Task statement:
Leave the images aside and output every entry exactly.
#### Exercise materials ####
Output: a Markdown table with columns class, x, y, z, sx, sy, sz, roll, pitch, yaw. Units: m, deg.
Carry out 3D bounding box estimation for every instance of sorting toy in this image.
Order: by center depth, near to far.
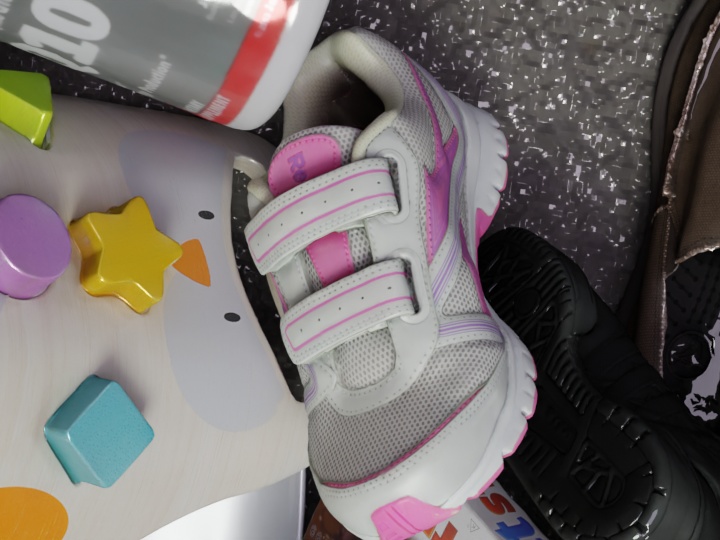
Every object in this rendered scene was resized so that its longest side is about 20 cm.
| class | x | y | z | sx | sy | sz | roll | pitch | yaw |
| --- | --- | --- | --- | --- | --- | --- | --- | --- | --- |
| sorting toy | -0.092 | 0.007 | 0.894 | 0.179 | 0.107 | 0.201 | -2 | 67 | -35 |

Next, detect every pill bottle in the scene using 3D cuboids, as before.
| class | x | y | z | sx | sy | sz | roll | pitch | yaw |
| --- | --- | --- | --- | --- | --- | --- | --- | --- | --- |
| pill bottle | -0.107 | -0.132 | 0.884 | 0.199 | 0.114 | 0.114 | 20 | 94 | -12 |

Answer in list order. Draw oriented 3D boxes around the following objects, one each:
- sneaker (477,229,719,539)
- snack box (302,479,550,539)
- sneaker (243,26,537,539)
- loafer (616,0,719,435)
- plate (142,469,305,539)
| class | x | y | z | sx | sy | sz | roll | pitch | yaw |
| --- | --- | --- | --- | --- | --- | --- | --- | --- | --- |
| sneaker | 0.097 | 0.071 | 0.895 | 0.060 | 0.200 | 0.104 | -45 | 125 | 12 |
| snack box | 0.053 | 0.129 | 0.891 | 0.024 | 0.200 | 0.072 | -6 | 132 | -41 |
| sneaker | 0.000 | 0.000 | 0.881 | 0.081 | 0.201 | 0.088 | -29 | 131 | 23 |
| loafer | 0.142 | -0.018 | 0.966 | 0.073 | 0.071 | 0.201 | 10 | 96 | -12 |
| plate | -0.121 | 0.148 | 0.962 | 0.199 | 0.032 | 0.201 | 0 | 99 | -10 |
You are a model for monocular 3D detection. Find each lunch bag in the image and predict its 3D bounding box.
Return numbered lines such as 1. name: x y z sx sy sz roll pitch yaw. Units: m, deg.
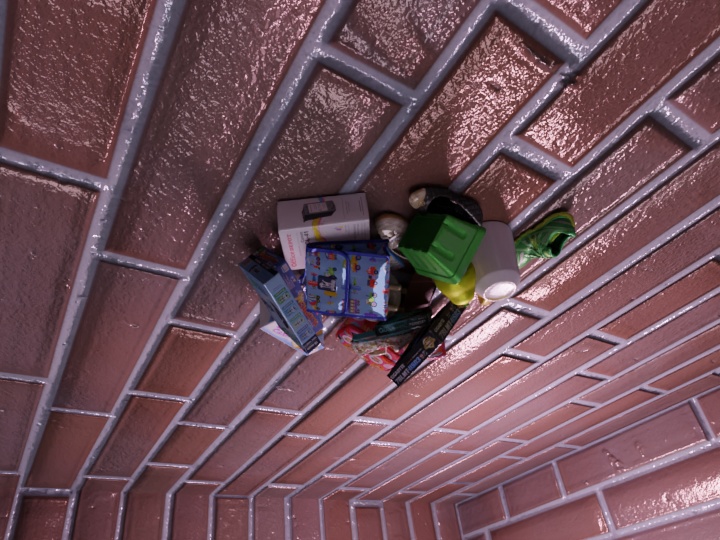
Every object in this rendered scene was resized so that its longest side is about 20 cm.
1. lunch bag: 0.039 0.195 1.474 0.198 0.083 0.176 34 151 -8
2. lunch bag: -0.037 0.016 1.126 0.194 0.095 0.154 2 115 0

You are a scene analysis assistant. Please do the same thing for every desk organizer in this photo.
1. desk organizer: 0.147 0.062 1.404 0.075 0.073 0.202 1 142 -8

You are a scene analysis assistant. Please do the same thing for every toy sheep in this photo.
1. toy sheep: 0.044 0.063 1.289 0.135 0.141 0.200 -16 164 10

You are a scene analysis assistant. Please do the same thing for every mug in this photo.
1. mug: 0.329 -0.004 1.286 0.147 0.156 0.186 -25 141 20

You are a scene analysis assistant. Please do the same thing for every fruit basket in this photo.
1. fruit basket: 0.202 -0.025 1.162 0.214 0.214 0.158 34 84 -43

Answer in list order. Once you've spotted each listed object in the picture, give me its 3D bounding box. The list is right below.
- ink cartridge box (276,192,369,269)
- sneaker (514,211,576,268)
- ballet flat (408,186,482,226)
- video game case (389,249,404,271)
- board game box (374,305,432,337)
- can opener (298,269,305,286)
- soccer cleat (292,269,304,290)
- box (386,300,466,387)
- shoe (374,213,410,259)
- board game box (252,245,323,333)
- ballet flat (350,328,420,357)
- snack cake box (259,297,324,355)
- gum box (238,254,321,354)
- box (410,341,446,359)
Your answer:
####
Exercise output:
Output: a Markdown table with columns class, x, y, z, sx, sy, sz, roll, pitch, yaw. Units: m, deg.
Carry out 3D bounding box estimation for every instance of sorting toy in this image.
Order: by center depth, near to far.
Every object in this rendered scene was resized so that its longest side is about 20 cm.
| class | x | y | z | sx | sy | sz | roll | pitch | yaw |
| --- | --- | --- | --- | --- | --- | --- | --- | --- | --- |
| sorting toy | -0.092 | 0.007 | 0.894 | 0.179 | 0.107 | 0.201 | -2 | 67 | -35 |

Next, detect every pill bottle in the scene using 3D cuboids, as before.
| class | x | y | z | sx | sy | sz | roll | pitch | yaw |
| --- | --- | --- | --- | --- | --- | --- | --- | --- | --- |
| pill bottle | -0.107 | -0.132 | 0.884 | 0.199 | 0.114 | 0.114 | 20 | 94 | -12 |

Answer in list order. Draw oriented 3D boxes around the following objects, one each:
- sneaker (477,229,719,539)
- snack box (302,479,550,539)
- sneaker (243,26,537,539)
- loafer (616,0,719,435)
- plate (142,469,305,539)
| class | x | y | z | sx | sy | sz | roll | pitch | yaw |
| --- | --- | --- | --- | --- | --- | --- | --- | --- | --- |
| sneaker | 0.097 | 0.071 | 0.895 | 0.060 | 0.200 | 0.104 | -45 | 125 | 12 |
| snack box | 0.053 | 0.129 | 0.891 | 0.024 | 0.200 | 0.072 | -6 | 132 | -41 |
| sneaker | 0.000 | 0.000 | 0.881 | 0.081 | 0.201 | 0.088 | -29 | 131 | 23 |
| loafer | 0.142 | -0.018 | 0.966 | 0.073 | 0.071 | 0.201 | 10 | 96 | -12 |
| plate | -0.121 | 0.148 | 0.962 | 0.199 | 0.032 | 0.201 | 0 | 99 | -10 |
You are a model for monocular 3D detection. Find each lunch bag in the image and predict its 3D bounding box.
Return numbered lines such as 1. name: x y z sx sy sz roll pitch yaw. Units: m, deg.
Every object in this rendered scene was resized so that its longest side is about 20 cm.
1. lunch bag: 0.039 0.195 1.474 0.198 0.083 0.176 34 151 -8
2. lunch bag: -0.037 0.016 1.126 0.194 0.095 0.154 2 115 0

You are a scene analysis assistant. Please do the same thing for every desk organizer in this photo.
1. desk organizer: 0.147 0.062 1.404 0.075 0.073 0.202 1 142 -8

You are a scene analysis assistant. Please do the same thing for every toy sheep in this photo.
1. toy sheep: 0.044 0.063 1.289 0.135 0.141 0.200 -16 164 10

You are a scene analysis assistant. Please do the same thing for every mug in this photo.
1. mug: 0.329 -0.004 1.286 0.147 0.156 0.186 -25 141 20

You are a scene analysis assistant. Please do the same thing for every fruit basket in this photo.
1. fruit basket: 0.202 -0.025 1.162 0.214 0.214 0.158 34 84 -43

Answer in list order. Once you've spotted each listed object in the picture, give me its 3D bounding box. The list is right below.
- ink cartridge box (276,192,369,269)
- sneaker (514,211,576,268)
- ballet flat (408,186,482,226)
- video game case (389,249,404,271)
- board game box (374,305,432,337)
- can opener (298,269,305,286)
- soccer cleat (292,269,304,290)
- box (386,300,466,387)
- shoe (374,213,410,259)
- board game box (252,245,323,333)
- ballet flat (350,328,420,357)
- snack cake box (259,297,324,355)
- gum box (238,254,321,354)
- box (410,341,446,359)
Your answer:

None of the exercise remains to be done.